[Exercise]: For each line below that includes the word "Numbers", make a copy.

[Material supplied]:
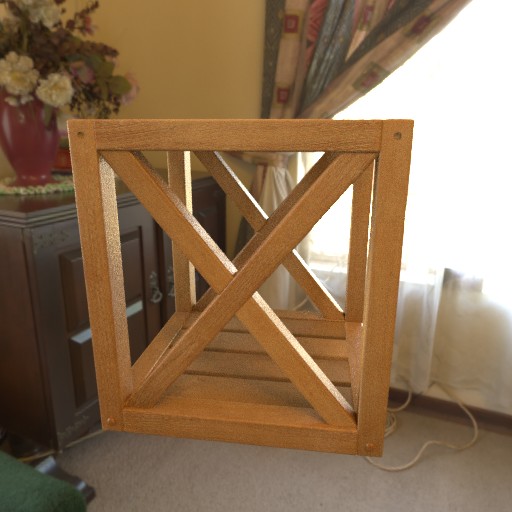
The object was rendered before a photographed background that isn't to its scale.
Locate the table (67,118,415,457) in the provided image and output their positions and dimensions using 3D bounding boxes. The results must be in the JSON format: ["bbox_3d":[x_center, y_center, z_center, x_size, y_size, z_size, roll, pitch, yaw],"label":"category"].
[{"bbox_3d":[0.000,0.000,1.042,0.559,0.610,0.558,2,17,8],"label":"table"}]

==

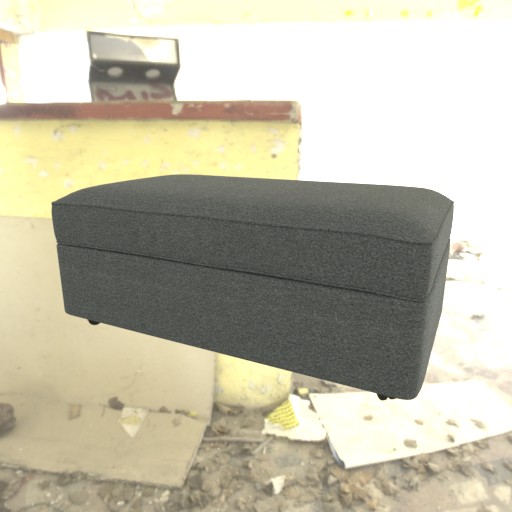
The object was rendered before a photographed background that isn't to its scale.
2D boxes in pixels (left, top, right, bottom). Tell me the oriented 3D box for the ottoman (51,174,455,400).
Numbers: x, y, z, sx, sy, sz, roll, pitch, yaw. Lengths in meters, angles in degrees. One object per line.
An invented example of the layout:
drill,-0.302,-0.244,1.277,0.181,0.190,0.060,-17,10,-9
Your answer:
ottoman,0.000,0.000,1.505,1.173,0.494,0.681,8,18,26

==

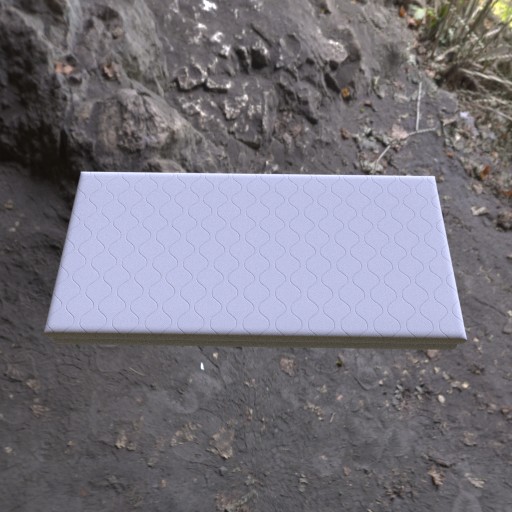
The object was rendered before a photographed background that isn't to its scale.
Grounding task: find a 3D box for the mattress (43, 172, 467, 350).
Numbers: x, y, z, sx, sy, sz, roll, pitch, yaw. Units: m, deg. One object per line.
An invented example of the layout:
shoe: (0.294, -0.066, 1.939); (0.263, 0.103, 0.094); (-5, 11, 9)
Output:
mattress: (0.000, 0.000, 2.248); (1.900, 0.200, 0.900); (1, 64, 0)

[The completed task]:
Numbers: x, y, z, sx, sy, sz, roll, pitch, yaw. Lengths in meters, angles in degrees. One object per line.
Numbers: x, y, z, sx, sy, sz, roll, pitch, yaw. Units: m, deg. One object per line.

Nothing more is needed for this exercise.